Magnetoelectronic devices based on organic semiconductors (OSC) hold promise due to the long spin relaxation time and the ability to tune relevant properties such as interface barriers. However, it is unclear to date whether magnetotransport effects observed in these systems is due to tunneling, or whether spin-coherent diffusive transport is also possible. We have studied magnetotransport in Co/OSC/Fe trilayer junctions, with 50 to 150 nm thick OSC layer, where tunneling would not be expected. Positive magnetoresistance (MR) is observed at T = 4.2 K for several OSCs and it persists up to T = 290 K for two systems: tris(8-hydroxyquinoline) Aluminum (III) (Alq3) and copper phthalocyanine (CuPc). In order to probe the origins of MR, we have done structural studies on Co/Alq3/Fe trilayer films by x-ray reflectivity and Auger depth profiling. The results indicate well-defined layers with modest interface roughness (3-5 nm) between the Alq3 and the surrounding FM layers. While these results rule out large-scale intermixing of Co or Fe into the OSC, they do not as yet rule out the existence of local defects, such as pinholes, in the OSC layers that could enable tunneling to occur.   

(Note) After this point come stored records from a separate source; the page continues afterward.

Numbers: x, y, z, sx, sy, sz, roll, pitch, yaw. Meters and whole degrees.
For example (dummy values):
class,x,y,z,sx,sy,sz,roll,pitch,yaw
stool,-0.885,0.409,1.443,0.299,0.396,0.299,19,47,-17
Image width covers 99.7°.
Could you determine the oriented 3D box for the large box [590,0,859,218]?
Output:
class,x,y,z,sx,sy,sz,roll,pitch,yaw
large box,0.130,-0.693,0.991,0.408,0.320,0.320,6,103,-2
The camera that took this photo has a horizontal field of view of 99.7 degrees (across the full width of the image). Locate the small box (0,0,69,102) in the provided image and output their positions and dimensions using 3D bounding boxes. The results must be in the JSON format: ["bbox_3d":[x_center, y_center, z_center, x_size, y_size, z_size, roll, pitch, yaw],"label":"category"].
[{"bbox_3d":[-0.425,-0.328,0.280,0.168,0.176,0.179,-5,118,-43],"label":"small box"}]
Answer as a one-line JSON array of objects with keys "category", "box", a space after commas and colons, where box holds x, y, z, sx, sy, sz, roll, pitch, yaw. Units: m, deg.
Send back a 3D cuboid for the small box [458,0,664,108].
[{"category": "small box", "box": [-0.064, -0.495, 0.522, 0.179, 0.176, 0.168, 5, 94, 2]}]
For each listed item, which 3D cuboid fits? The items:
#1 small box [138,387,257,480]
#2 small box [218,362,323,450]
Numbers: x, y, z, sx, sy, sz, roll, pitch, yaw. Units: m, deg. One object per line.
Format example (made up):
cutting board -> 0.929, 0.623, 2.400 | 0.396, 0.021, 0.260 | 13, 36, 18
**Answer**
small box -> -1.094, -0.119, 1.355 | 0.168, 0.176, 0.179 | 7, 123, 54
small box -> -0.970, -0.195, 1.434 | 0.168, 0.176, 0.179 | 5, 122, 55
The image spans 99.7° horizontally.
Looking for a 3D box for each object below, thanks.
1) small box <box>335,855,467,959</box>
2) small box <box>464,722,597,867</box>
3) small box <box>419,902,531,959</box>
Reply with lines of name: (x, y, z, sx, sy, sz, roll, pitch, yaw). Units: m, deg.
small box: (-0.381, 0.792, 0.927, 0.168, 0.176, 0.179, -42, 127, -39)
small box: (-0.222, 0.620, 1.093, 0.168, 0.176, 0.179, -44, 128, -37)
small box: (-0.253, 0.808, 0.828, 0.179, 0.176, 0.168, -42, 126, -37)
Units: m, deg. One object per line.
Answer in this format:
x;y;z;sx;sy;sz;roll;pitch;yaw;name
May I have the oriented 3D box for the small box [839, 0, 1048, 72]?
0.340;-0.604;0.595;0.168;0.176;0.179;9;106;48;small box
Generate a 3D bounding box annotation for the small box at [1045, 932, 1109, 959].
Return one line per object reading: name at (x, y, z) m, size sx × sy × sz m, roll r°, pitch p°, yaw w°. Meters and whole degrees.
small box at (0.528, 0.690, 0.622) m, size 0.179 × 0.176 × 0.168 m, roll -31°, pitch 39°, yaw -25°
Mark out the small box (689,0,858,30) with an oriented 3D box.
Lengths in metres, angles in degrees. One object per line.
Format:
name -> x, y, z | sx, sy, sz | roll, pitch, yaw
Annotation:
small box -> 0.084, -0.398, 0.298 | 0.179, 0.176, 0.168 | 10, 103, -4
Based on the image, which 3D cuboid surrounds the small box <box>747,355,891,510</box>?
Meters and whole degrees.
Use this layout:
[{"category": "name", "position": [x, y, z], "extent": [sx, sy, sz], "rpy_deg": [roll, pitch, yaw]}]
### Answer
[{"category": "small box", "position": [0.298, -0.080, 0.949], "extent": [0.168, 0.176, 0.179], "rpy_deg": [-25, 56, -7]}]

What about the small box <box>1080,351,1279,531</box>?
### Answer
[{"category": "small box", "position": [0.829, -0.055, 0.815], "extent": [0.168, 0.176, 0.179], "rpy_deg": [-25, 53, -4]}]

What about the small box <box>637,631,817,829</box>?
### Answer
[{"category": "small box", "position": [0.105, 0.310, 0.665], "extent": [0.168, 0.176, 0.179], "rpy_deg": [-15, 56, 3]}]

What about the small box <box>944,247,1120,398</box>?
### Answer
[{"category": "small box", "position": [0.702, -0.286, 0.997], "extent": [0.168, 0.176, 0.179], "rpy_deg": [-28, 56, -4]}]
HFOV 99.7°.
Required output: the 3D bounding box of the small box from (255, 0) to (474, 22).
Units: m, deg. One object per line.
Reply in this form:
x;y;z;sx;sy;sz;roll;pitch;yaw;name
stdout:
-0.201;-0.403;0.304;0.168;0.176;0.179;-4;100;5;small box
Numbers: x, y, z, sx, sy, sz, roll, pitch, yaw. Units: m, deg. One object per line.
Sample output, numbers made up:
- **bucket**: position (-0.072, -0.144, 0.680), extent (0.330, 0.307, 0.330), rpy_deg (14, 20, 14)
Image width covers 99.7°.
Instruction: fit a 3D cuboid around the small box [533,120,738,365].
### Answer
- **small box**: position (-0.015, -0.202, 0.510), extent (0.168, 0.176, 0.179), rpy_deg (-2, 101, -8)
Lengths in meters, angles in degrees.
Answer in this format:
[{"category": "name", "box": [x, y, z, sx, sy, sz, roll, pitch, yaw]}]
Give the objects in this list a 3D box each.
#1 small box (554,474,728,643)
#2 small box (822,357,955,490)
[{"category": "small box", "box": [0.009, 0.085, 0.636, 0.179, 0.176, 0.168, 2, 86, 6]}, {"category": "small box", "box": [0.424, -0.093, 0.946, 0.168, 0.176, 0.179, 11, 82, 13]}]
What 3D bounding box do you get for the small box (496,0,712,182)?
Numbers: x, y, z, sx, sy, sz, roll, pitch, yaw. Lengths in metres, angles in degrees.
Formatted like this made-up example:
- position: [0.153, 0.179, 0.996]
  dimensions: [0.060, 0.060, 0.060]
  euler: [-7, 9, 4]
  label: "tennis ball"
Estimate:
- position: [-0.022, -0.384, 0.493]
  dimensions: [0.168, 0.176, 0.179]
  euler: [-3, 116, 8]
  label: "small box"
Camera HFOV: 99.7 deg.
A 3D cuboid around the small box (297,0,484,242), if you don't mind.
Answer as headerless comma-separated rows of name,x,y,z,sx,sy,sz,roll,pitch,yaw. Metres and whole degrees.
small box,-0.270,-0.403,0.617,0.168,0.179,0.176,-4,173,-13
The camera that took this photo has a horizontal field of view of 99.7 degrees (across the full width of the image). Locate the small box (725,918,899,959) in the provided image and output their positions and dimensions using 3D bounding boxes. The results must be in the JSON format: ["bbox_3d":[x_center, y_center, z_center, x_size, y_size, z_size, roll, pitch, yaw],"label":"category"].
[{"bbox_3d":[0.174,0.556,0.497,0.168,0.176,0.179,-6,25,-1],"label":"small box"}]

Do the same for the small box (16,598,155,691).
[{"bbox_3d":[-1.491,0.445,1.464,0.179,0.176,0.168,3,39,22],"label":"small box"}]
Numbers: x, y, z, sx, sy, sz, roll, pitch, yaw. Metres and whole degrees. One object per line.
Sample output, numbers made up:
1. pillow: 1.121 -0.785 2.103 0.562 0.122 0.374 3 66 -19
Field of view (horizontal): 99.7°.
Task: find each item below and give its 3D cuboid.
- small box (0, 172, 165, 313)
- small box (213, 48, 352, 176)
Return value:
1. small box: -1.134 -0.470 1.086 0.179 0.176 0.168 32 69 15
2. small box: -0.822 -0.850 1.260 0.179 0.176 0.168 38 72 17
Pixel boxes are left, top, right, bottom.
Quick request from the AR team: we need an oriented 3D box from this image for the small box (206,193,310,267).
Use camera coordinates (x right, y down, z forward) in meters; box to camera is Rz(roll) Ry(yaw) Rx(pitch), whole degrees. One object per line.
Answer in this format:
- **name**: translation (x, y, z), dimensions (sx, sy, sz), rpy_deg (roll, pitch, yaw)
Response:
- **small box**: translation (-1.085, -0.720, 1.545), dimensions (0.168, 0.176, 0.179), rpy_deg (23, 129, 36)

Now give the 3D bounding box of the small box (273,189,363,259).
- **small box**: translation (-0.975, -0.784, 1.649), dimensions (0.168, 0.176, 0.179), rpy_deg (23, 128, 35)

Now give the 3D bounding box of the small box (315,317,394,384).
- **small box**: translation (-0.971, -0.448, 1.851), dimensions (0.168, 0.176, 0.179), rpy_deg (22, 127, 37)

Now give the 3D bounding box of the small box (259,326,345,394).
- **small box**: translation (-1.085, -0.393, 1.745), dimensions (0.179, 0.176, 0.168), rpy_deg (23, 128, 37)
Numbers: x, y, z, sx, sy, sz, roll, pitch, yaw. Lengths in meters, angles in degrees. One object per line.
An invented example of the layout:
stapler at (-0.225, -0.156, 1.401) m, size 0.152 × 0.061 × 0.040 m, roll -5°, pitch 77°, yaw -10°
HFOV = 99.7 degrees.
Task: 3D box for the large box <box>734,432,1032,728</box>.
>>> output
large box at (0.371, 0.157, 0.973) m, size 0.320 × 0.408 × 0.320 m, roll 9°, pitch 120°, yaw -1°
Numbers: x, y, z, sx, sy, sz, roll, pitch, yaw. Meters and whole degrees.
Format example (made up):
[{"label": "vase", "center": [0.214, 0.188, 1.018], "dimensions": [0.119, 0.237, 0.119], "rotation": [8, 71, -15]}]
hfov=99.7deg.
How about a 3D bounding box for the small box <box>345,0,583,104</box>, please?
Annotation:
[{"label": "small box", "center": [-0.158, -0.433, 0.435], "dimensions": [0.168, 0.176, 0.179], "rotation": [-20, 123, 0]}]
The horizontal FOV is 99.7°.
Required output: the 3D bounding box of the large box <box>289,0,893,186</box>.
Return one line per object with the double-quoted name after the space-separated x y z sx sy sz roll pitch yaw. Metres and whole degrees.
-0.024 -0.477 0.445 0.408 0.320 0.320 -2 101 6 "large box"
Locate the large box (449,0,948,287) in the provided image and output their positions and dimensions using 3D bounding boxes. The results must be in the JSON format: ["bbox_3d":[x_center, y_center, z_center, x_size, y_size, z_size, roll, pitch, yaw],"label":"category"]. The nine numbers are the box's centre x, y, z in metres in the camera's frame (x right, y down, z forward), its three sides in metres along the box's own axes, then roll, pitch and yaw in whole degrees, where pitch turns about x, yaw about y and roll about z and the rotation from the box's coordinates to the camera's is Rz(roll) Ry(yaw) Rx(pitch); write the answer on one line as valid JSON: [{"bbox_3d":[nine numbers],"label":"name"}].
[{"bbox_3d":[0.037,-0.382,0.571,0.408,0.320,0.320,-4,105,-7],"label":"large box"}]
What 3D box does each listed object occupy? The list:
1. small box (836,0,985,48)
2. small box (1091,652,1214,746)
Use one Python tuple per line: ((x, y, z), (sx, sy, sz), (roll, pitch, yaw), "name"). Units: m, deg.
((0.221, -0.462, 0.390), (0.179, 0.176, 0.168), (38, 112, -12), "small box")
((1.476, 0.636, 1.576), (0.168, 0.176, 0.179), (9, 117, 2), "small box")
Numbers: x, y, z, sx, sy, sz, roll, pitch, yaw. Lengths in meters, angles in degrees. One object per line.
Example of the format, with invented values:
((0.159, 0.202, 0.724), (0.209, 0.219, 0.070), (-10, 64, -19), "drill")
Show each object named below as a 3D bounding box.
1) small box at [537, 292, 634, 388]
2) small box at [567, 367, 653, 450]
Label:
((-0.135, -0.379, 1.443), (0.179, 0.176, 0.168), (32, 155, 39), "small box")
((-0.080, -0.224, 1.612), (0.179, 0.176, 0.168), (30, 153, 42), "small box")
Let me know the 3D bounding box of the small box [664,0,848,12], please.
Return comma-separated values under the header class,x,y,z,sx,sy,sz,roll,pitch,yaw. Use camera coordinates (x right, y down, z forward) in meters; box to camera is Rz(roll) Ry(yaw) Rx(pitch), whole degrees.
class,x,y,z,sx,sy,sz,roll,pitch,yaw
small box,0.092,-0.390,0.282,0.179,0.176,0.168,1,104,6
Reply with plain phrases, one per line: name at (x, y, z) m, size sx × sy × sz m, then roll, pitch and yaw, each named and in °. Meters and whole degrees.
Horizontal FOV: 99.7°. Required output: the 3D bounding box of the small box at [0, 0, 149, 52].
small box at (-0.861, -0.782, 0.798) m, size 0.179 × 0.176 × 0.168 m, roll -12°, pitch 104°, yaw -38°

EPR Studies of Highly Interconnected Nanostructured Polyaniline Network

We present temperature-dependent X-band electron paramagnetic resonance susceptibility and linewidth studies of nanostructured polyaniline doped with perchloric acid (PANN/HClO$_{4})$. From analysis of the EPR data we determine that network has both Pauli- and Curie-like susceptibility with ${\rm X}^{P}$ of $\sim $2 x 10$^{-5}$ emu/mole-2-ring repeat unit and a localized spin density of $\sim $ 1 spin per 400 2-ring repeat units and exhibits a Lorentzian-like lineshape. The EPR linewidth from 100 K to room temperature exhibits two different linear regimes, where the linewidth increases linearly with increase in temperature. We will discuss the role of Korringa relaxation in determining the high temperature linewidth. We will consider the roles of disorder, localization and interfiber contact within the nanostructure network.   

Capacitance-voltage characterization of polythiophene-based field-effect transistors

We report on frequency-dependent capacitance-voltage characteristics of organic field-effect transistors based on (2,5-bis(3-tetradecylthiophen-2-yl)thieno[3,2-b]thiophene) as the active polymer layer. The gate voltage and frequency behavior of the devices with the polymer spun on treated and untreated oxide gate dielectric are explored. The high quality of the devices (contact and channel properties) allows the use of traditional CV modeling to accurately describe the electrical characteristics of the intrinsic channel. The findings from this study provide new insight into charge trapping and transport in the field-accumulated channel of organic field-effect devices.